Saturday, 20 November 2010


I suffer from a kind of geographical dyslexia, as a consequence of which I have terrible problems visualising space. To give one small example, I own a flat which I rent out. One day I got a phone call from the man who lived in the flat below the one I own to say that water was coming through his ceiling. I immediately rushed round to the flat but I couldn’t establish where the water was coming from. The man downstairs took me into his flat which was identical in layout to mine. He showed me where water was dripping steadily through the ceiling. Aha, I said. Now I understand. I went back upstairs into my flat but immediately found myself disoriented again. I had no idea where the leak could be. I had to get the tenant of the flat downstairs to come upstairs and locate the leak for me.

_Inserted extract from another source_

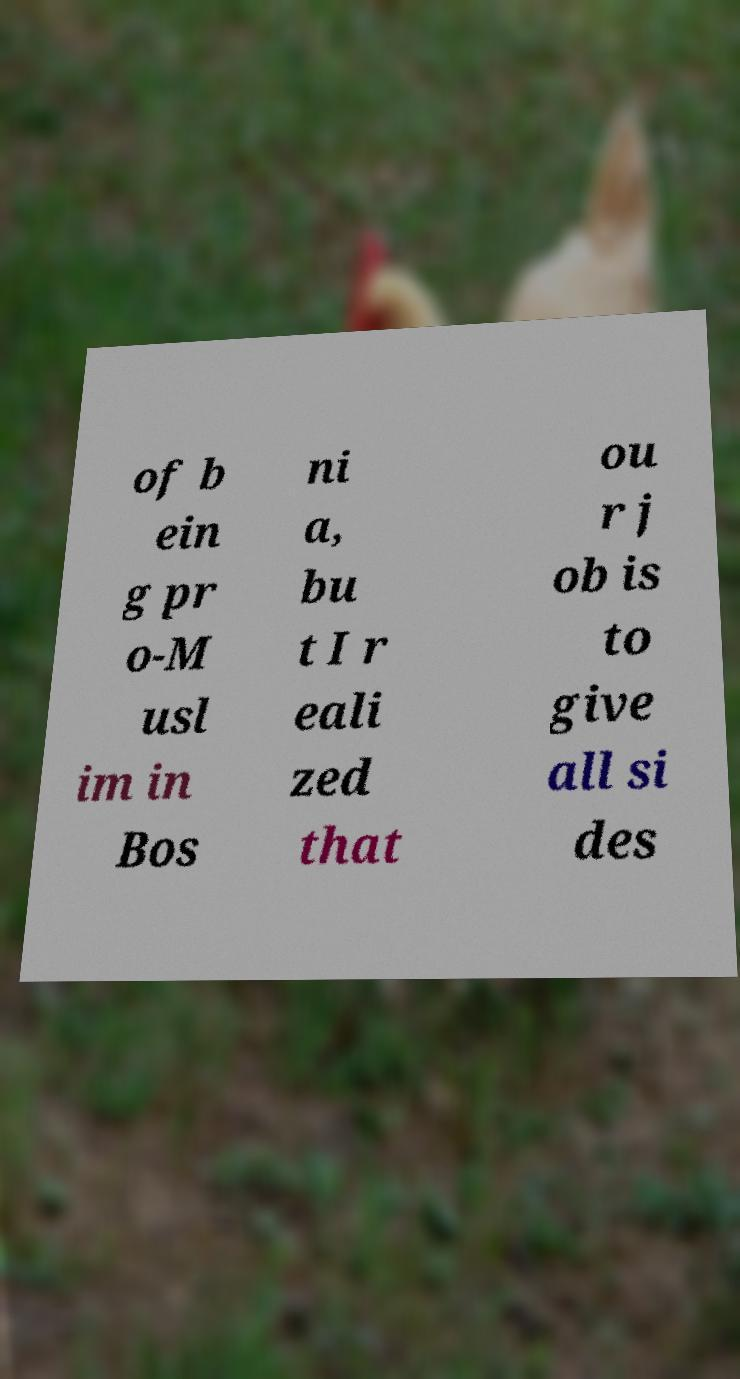Please read and relay the text visible in this image. What does it say? of b ein g pr o-M usl im in Bos ni a, bu t I r eali zed that ou r j ob is to give all si des

Recently someone I went to school and university with but with whom I subsequently lost contact for many years contacted me through Facebook. It was a very joyful reunion. We instantly re-established the kind of communication we had known as children and young men. We talked a lot about our childhoods and in particular about the point at which we began to understand that our actions had consequences. To my amazement my friend was able to point to the exact year this occurred for him. Nineteen eighty-six. By which time he was thirty-two. But the more I thought about it, the more I realised that I have never really understood that my actions had consequences. I just act and react to what I see before me. Is this a terrible confession for a writer to make? I asked.

Maybe, my friend suggested, it’s merely an extension of this geographical dyslexia you talk about. Perhaps, just as you cannot visualise the space in which you move and have your existence, you also cannot grasp the shape of your own life.

Either it's true or it's a terrific excuse.